Generally children must attend the school which is nearest to their home. Because of the shortage of schools in Brazil, the school day is generally divided into a morning session running from approximately 7.00 until 12.00, and an afternoon session running from 12.00 until 17.00. In some cases there is a third session which runs from 17.00 until 22.00. Your child will only attend one of these sessions. So in effect there are two and sometimes three distinct sets of pupils for each school. Uniform are generally simple. This means that two children attending the same school and in the same year may never actually meet each other.

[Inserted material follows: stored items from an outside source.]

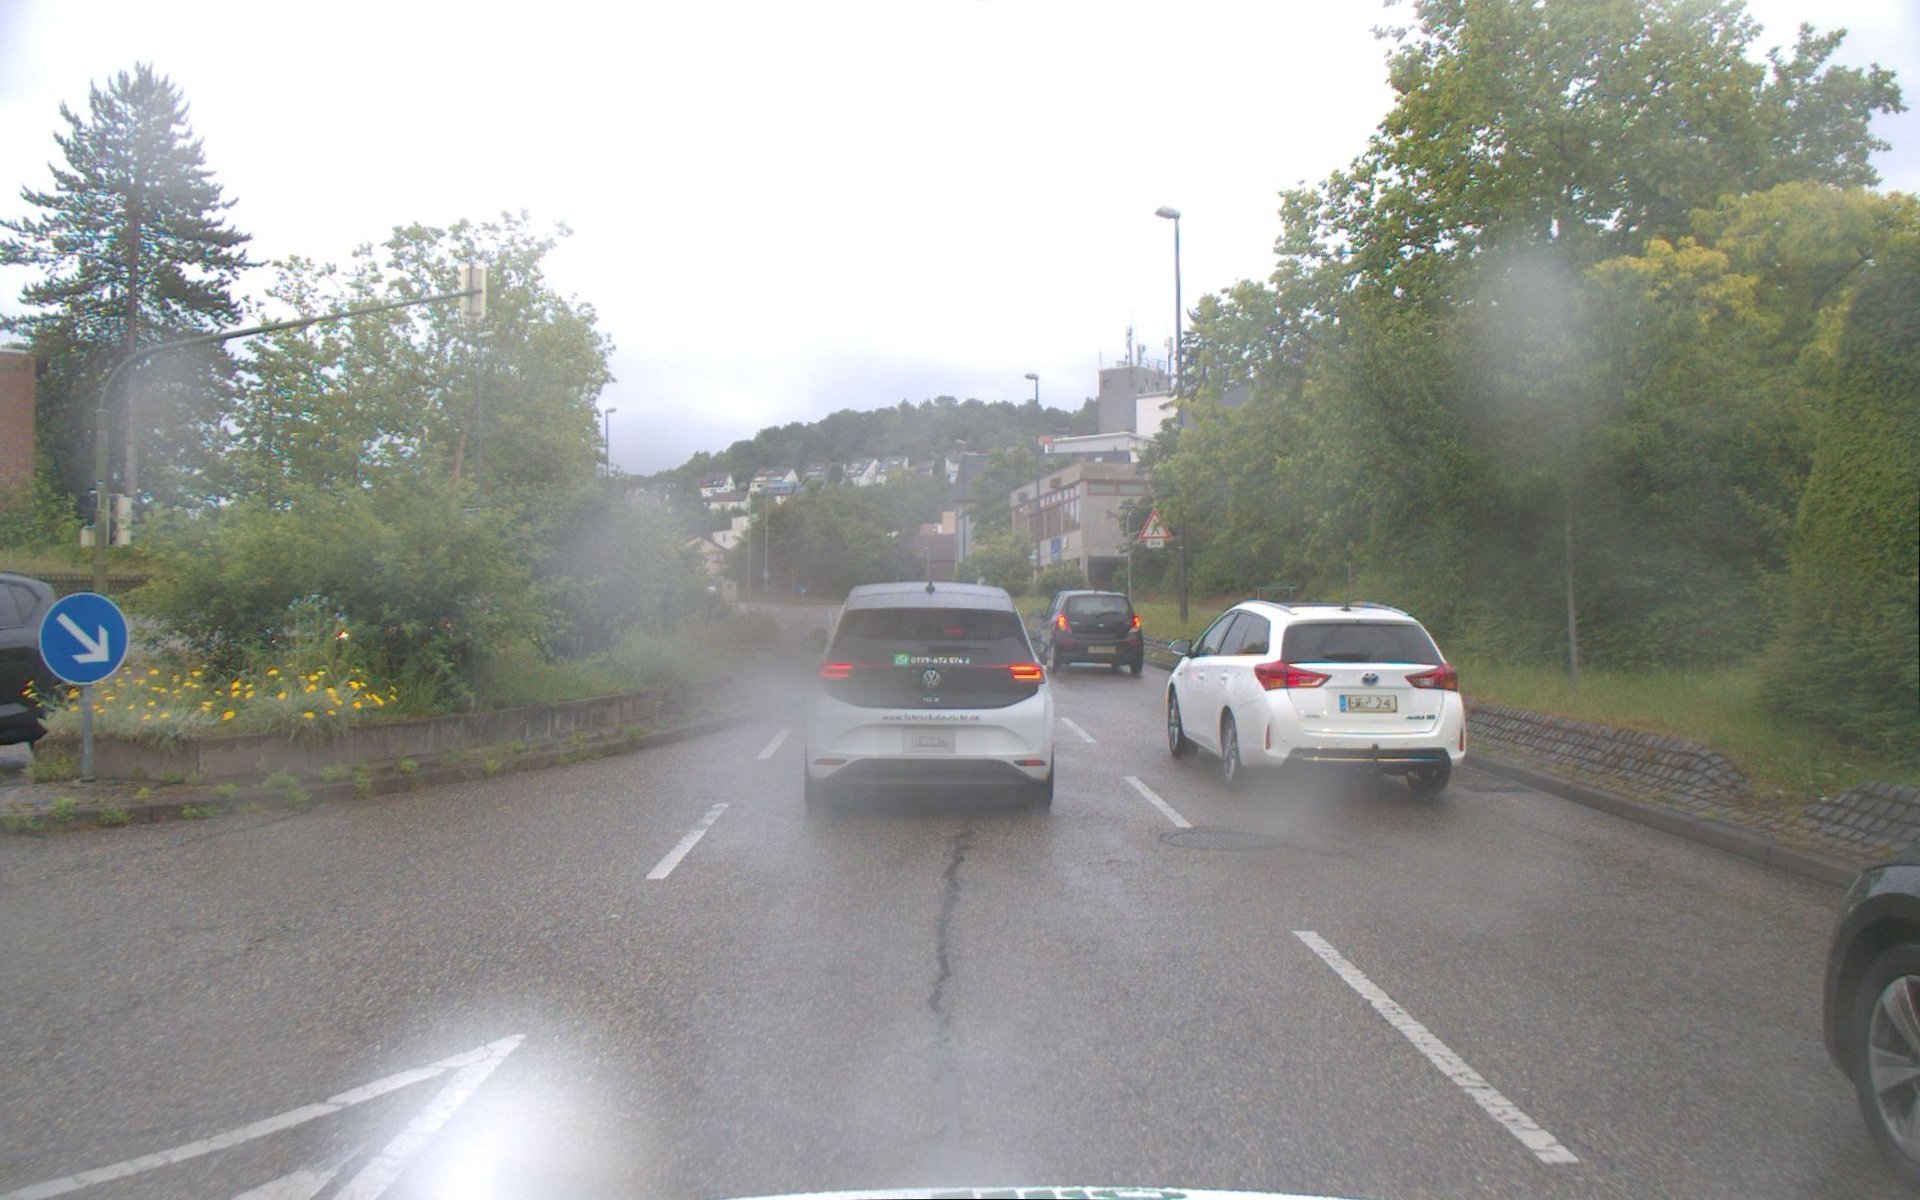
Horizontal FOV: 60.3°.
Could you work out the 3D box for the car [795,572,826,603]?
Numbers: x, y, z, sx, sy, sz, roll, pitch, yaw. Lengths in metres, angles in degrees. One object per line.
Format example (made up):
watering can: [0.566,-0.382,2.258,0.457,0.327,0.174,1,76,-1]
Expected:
car: [-10.386,-0.826,115.471,1.954,2.049,3.997,1,-1,-3]

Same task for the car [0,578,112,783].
car: [-8.331,0.634,12.453,1.864,1.579,4.073,-1,0,-2]

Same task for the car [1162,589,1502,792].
car: [2.903,0.660,13.873,1.810,1.434,4.300,0,-1,-1]

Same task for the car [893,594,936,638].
car: [-2.161,0.759,79.147,1.953,2.049,3.999,1,-1,-1]

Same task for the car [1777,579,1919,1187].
car: [3.442,0.737,2.599,1.914,1.534,4.607,2,-1,-2]

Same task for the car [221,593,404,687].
car: [-12.056,0.698,31.098,1.953,1.606,3.998,-1,0,-2]

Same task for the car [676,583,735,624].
car: [-10.964,0.135,71.554,1.953,1.691,4.596,-1,0,-2]

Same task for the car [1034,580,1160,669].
car: [2.504,0.451,31.060,1.953,1.478,3.770,-2,0,-1]

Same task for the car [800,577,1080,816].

In order to register a child for school, you should go to your nearest relevant school. The following information is required for registration (matriculate):

  • Name of child
  • Date of birth
  • Place of birth
  • Copy of the birth certificate
  • Names of parents
  • Address and contact details
  • Passport size photo of the child, and
  • Medical history of the child, including blood type.

The first term of the school year generally begins in February immediately after the Carnival. However the date of the Carnival is decided by the phases of the moon, so sometimes it will fall in late February or even early March. If this is the case, the term will start at the beginning of February and there will subsequently be a short break for the Carnival. The first term runs through until the end of June. July is taken as a holiday, and the second term starts in August and runs through until early December. There are two half term holidays, each lasting one week; the dates of these vary from school to school. In addition, all national holidays are also observed.

The sad truth is that most places at the public universities are taken by children who have been educated at private schools. However a law passed in September 2013 states that a large part of the Brazilian government’s revenue from the massive Libra oilfield will be spent on improving education in Brazil. This clearly has the potential to transform the state of public education in Brazil.